[Collected data entries]
____________

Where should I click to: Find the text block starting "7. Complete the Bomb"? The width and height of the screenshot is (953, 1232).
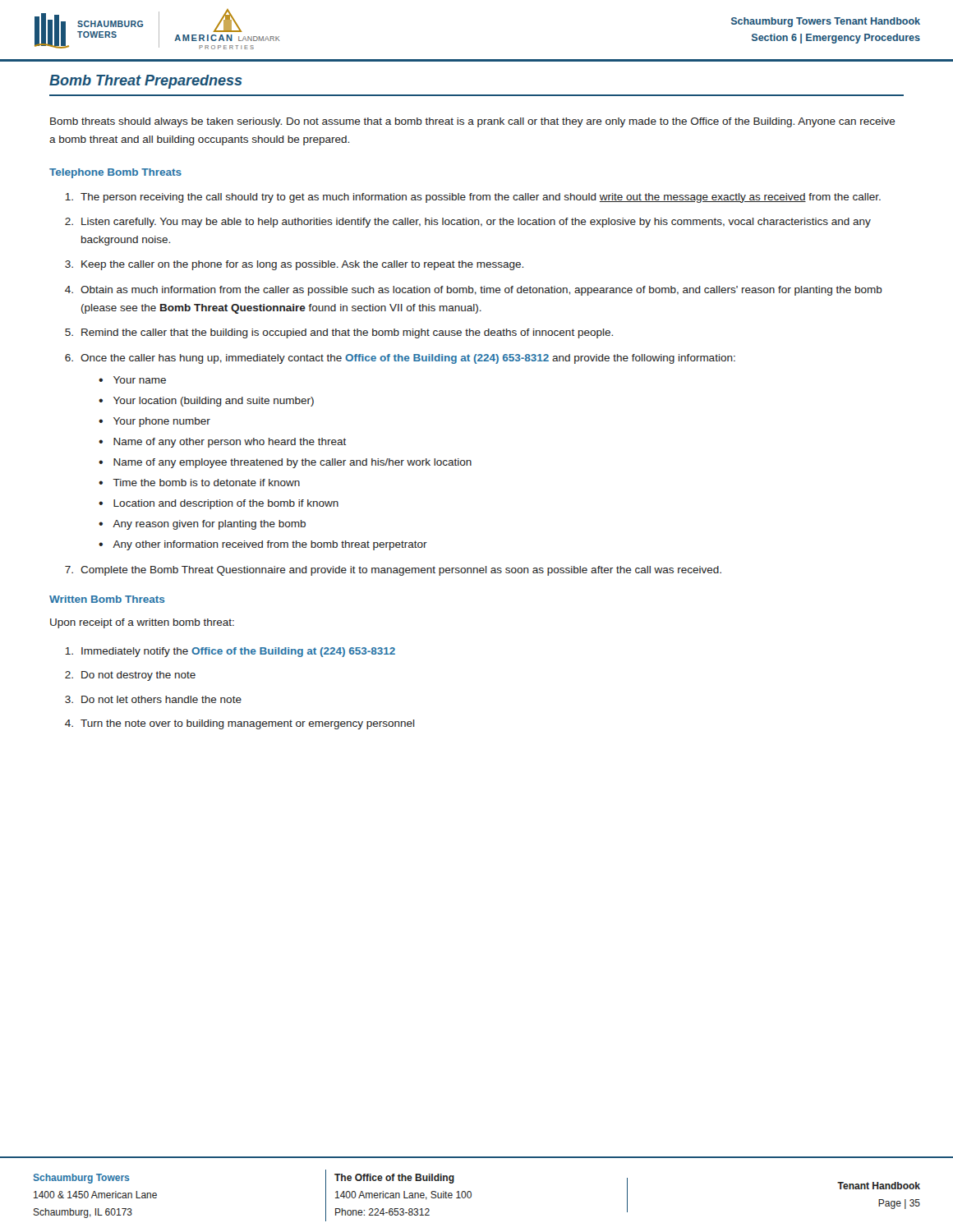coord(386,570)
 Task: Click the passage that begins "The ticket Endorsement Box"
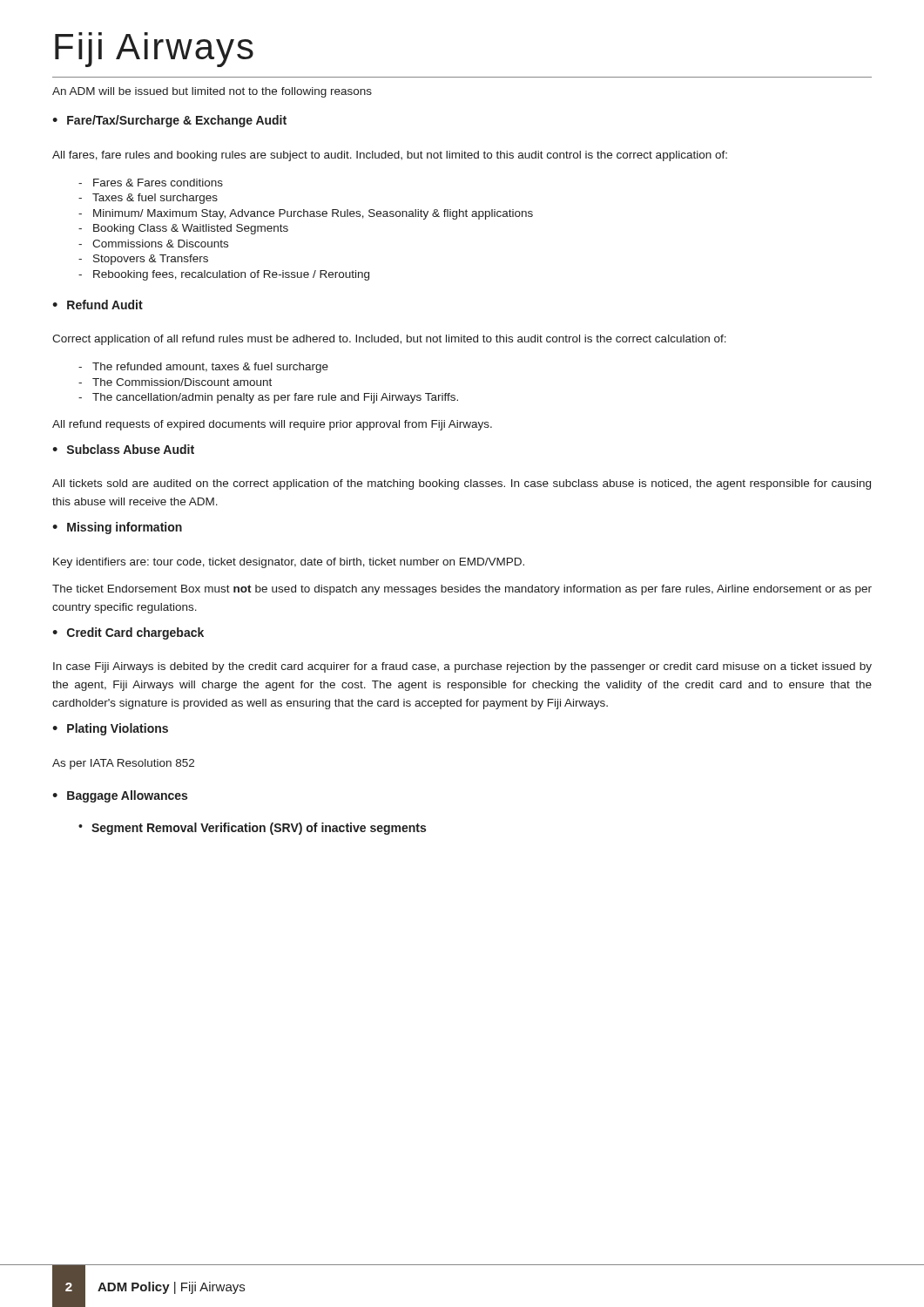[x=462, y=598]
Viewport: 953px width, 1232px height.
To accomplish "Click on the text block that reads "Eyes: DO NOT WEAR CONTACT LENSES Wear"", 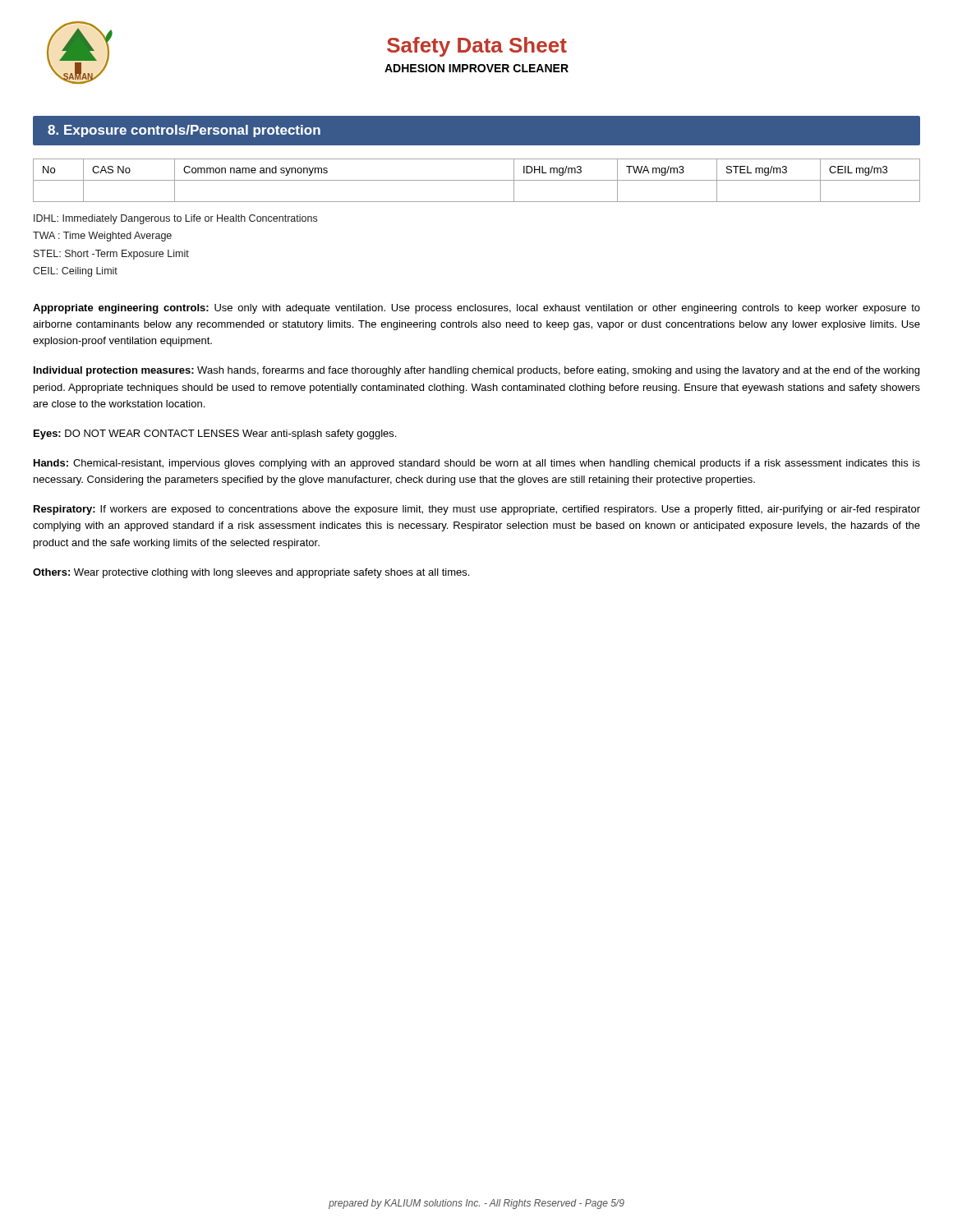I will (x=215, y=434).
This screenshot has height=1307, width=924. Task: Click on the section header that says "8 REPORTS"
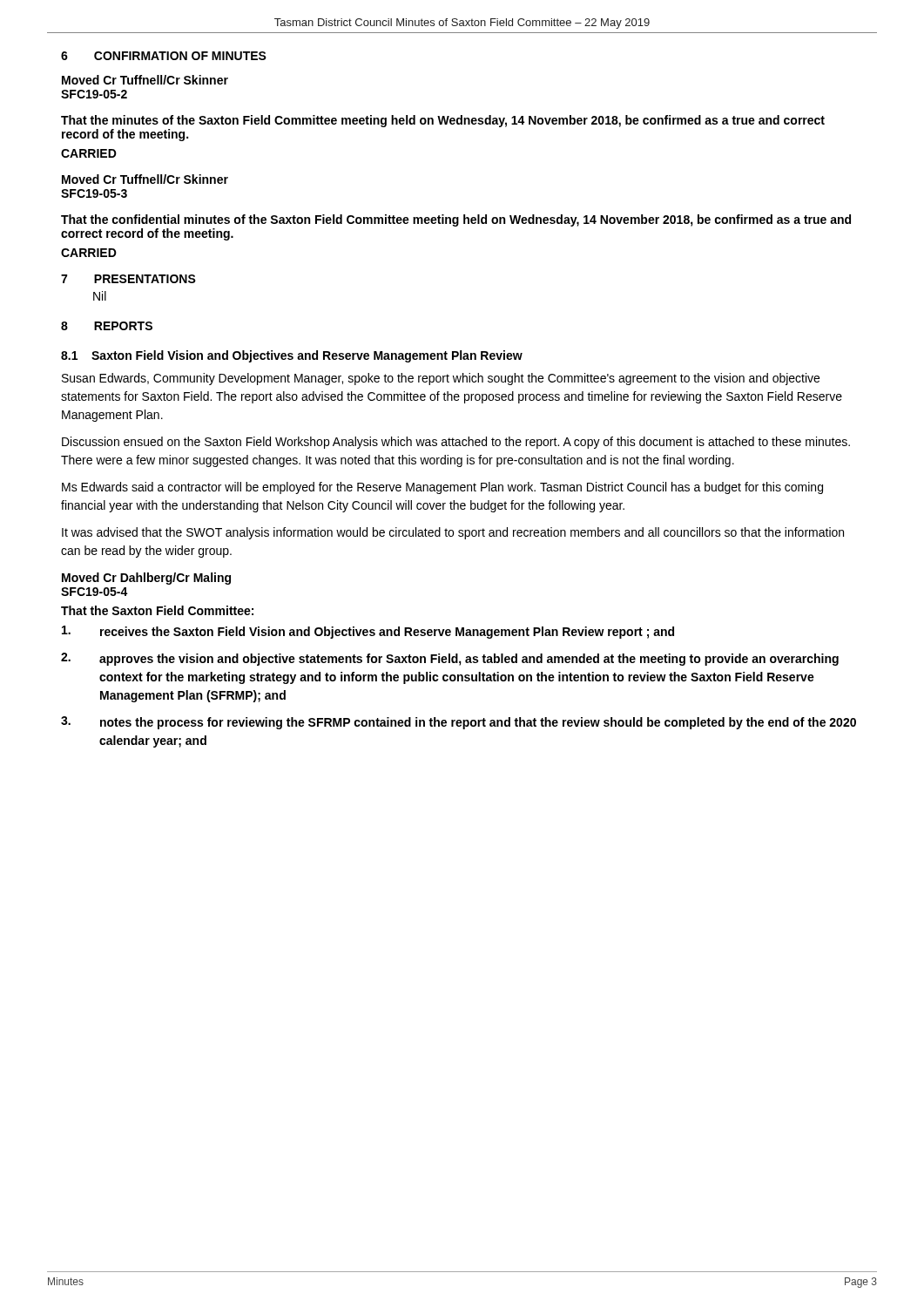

____________

Repeat, with no pictures, every line from the top of the entries above through the line that has "Viewport: 953px width, 1232px height.", keeping each one exact.

_WRITTEN SOLUTION_.
Where should I click to: Find the text block starting "7. Complete the Bomb"? The width and height of the screenshot is (953, 1232).
coord(386,570)
 Task: Click the passage that begins "The ticket Endorsement Box"
[x=462, y=598]
Viewport: 953px width, 1232px height.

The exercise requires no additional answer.